AND yes weather trumps on hay harvesting. I get that- shoot I have done hay in southern MN, up by the Canadian border, Kansas, Northern OK and now in the middle of MN. This by far is the trickiest where I am at now. I have seen everyone do harvesting in shifts. And sometimes that prime hay becomes a bit less prime because its done that way.

My hay guy is putting in 7 acres Teff hay for me- do I have a good hay guy - YES!!! But then again he's seen two of my mares have issues with his clover/orchard grass hay. When I asked when it was cut- around 1pm. When we got the hay analysis back - the sugar was super high. He was surprised it was that high. He replaced that whole shipment of hay for me.

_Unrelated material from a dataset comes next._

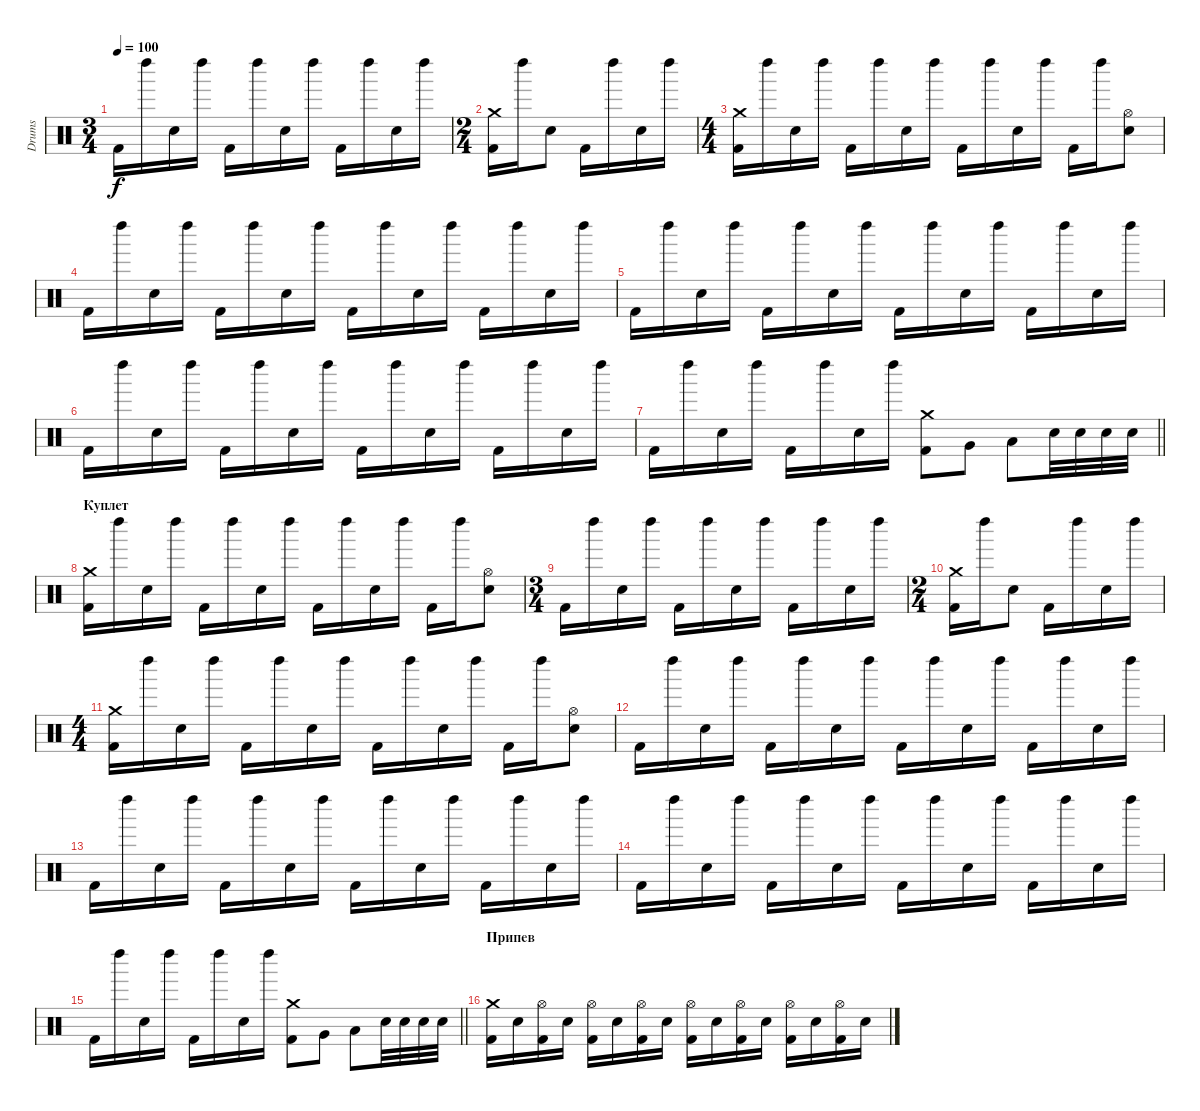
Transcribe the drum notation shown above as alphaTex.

I LOVE MY HAY GUY- and I treat him well. When I can get myself going I will still have to use him until I get my hay fields established.


----------



## Teslan (Aug 20, 2011)

muffntuf said:


> Larry- yes I agree. Forage should be first, but a lot of old timers think its all hogwash. New owners aren't orientated enough yet to figure things out and when they run into their first case of colic or laminitis- that's when they learn all about how to feed a horse correctly. Forage first. Buy the best you can buy -with good nutrition and low NSC and build from there.
> 
> 50 head- unfortunately I can't forage all of them, no. About half are pastured, but not for a whole day - just about 6 hours and yes I do take care to watch what time they are out. It's a lot of work, but I have a happier, healthier barn for it.
> 
> ...


 I think you should forget doing your own hay and just stick with your hay guy. He is overly generous. I did Teff last year. People loved it. They wanted me to have it this year. I won't. Because Teff is annoying and they won't pay for it so I make as much as on orchard/brome.


----------



## Teslan (Aug 20, 2011)

r82230 said:


> I am a fan of HayWilson and he would point out that cutting after 7 would most likely really slow down the curing of hay. The first moisture that is evaporated via the pores of the leaves during the first 4-5 hours of exposure to SUNSHINE. Seems after 7 cutting would almost be a 'wasted' day (unless it was rainy, which puts you back to Tes and Ralph's concerns with cutting wet).
> 
> I guess my critters would prefer un-washed hay if it all possible.
> 
> ...


Hay Wilson was absolutely correct that cutting in the afternoon speeds up drying. Over the last two seasons I've taken that to heart. Between 11-4 here results in a day or more less drying time.


----------



## rjmoses (Apr 4, 2010)

muffntuf said:


> Wow - you guys are not kind at all- are you?
> 
> Yes - $10k in vet bills. Although I have only had 2 years like that in the last 11. But I have had them. YEs performance horses. Generally the 50 head I have run around $3k a year for maintenance. But when you hit those big numbers - you start asking why and what can I do to prevent it.
> 
> ...


First, I apologize if you are thinking I'm being unkind or giving you heat.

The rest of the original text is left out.